Annemin yanağına sulu bir öpücük bıraktıktan sonra, ayakkabımı çıkarıp içeri aldım. Ayakkabılığa koyduktan sonra odama girdim. Çantamı dolabımın kenarına bıraktıktan sonra aynanın karşısında ki yansımama baktım.
Koyu kahverengi saçlarım, hokka burnum ve bal rengi gözlerim vardı. Beyaz tenim ve çenemde çukur gibi olan gamze ile abartılmayacak derece de güzeldim.
Gözlerim üstümde ki tişörte takıldı. Ne kadar bol olmuş olsa da, fena durmamıştı üstümde.
Dolaptan çıkardığım pijama, tişört ve iç çamaşırımı yatağın üstüne koydum. Alt çekmecemden mavi bornozumu alarak odadan çıktım. Babam bu saatlerde evde olmadığı için banyoya girip çıkarken rahattım.
Banyoya girmiş ve ılık güzel bir duş almıştım. Çok fazla iyi gelmişti. Gülümsedim. Bornozumu giyerek banyodan çıktım.
Kokusu evin her yerini sarmış olan kuru fasulye ve pilav beni bir hayli acıktırmıştı. Hemen odama gidip üzerimi giyindim. Saçlarımı kurutmadan tarayıp yandan ördüm. Odadan çıkıp banyoya girdim.
Toprak' ın tişörtünü makinaya atıp çalıştırdım. Ona tişörtünü geri vermeliydim. Bende kalamazdı.
Banyodan çıkıp mutfağa girdim. Anneme yemekleri tabaklara boşaltmasına yardımcı olduktan sonra beraber masaya oturmuştuk.
Annem günümün nasıl geçtiğini sorduğunda normal geçtiğini söyleyerek geçiştirmiştim onu.

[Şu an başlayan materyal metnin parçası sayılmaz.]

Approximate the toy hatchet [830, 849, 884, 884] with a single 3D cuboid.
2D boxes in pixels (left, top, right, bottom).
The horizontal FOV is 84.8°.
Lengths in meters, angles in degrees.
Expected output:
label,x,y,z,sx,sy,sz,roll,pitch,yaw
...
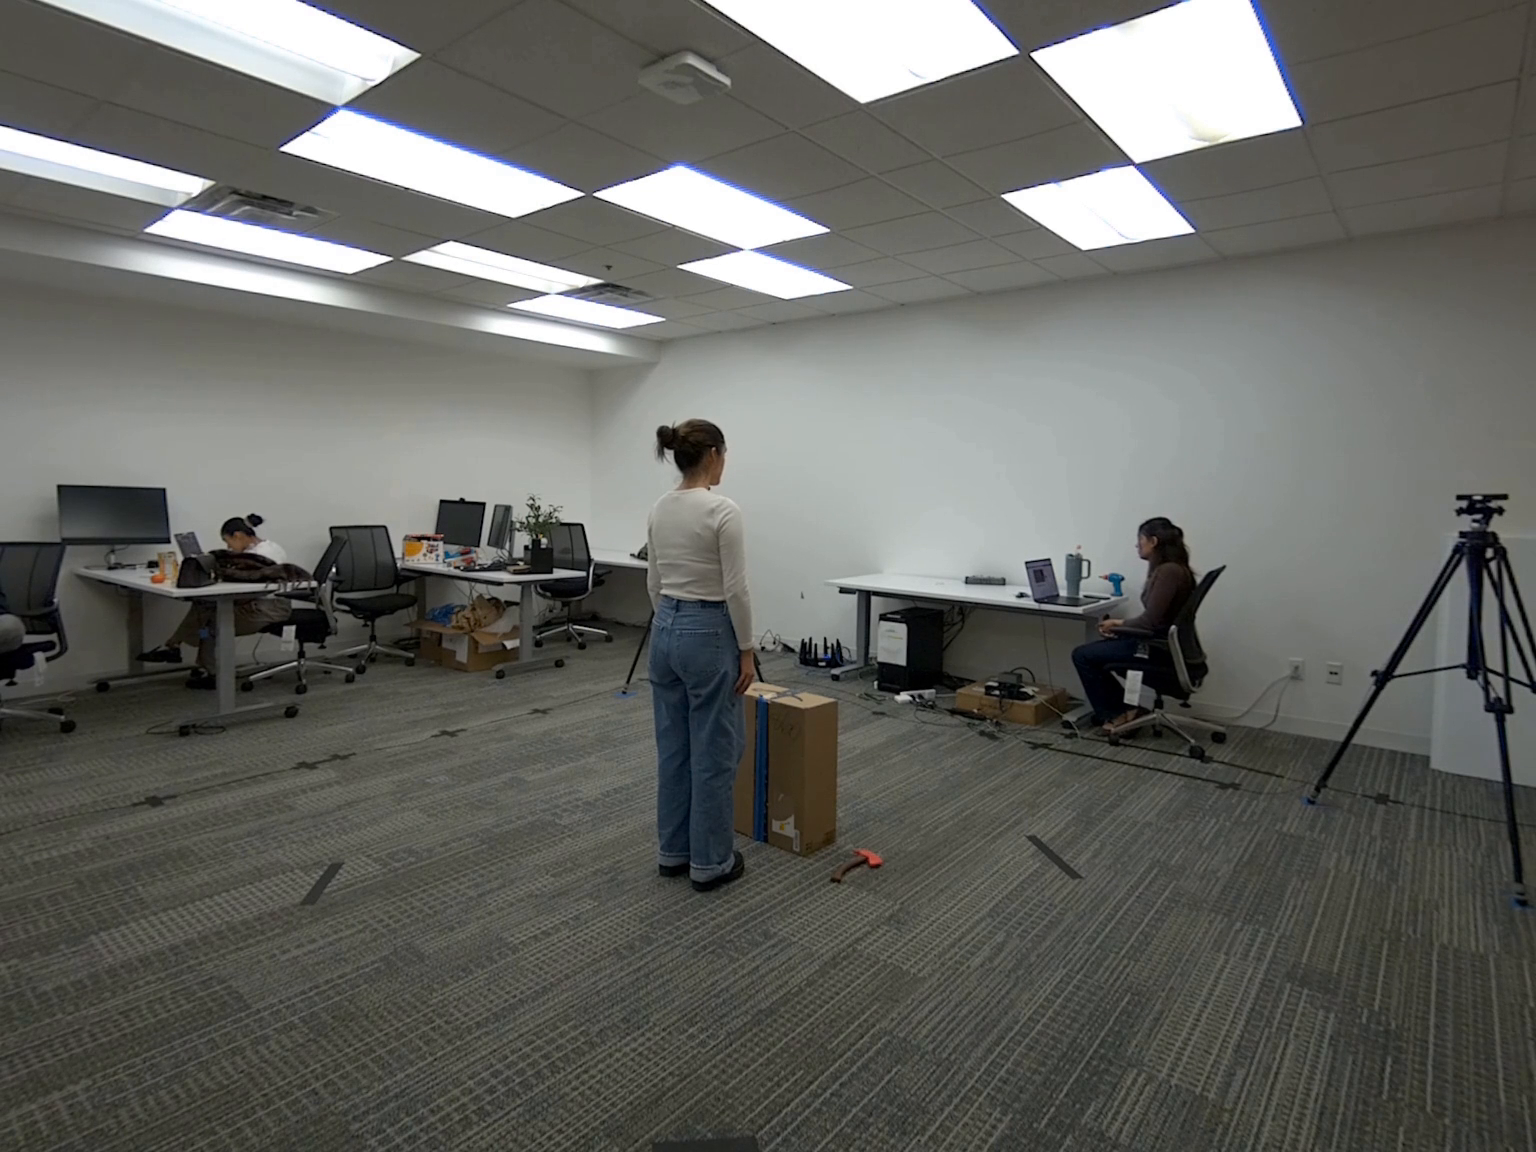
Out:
label,x,y,z,sx,sy,sz,roll,pitch,yaw
toy hatchet,0.323,1.065,3.105,0.135,0.029,0.264,5,8,26

Kadıncağıza bugün yaşadıklarımı anlatsam kalp krizi geçirecek diye korkuyordum.
Yemek yedikten sonra bulaşıkları yıkamış ve odama çekilmiştim. Yatağıma girerek komidinin yanında ki kitabımı aldım. Kitap okuyacaktım.
Ayracın bulunduğu sayfayı açtığımda kitabımın son sayfaları olduğunu fark ettim. Yarın her zaman gittiğim kitapçıdan kitap almalıyı aklımın bir köşesine not ettim.
Kitabın son sayfasını da okuduktan sonra gözüme giren uykuya daha fazla direnmemek için kitabı komidine koyarak gözlerimi kapayıp uyumuştum.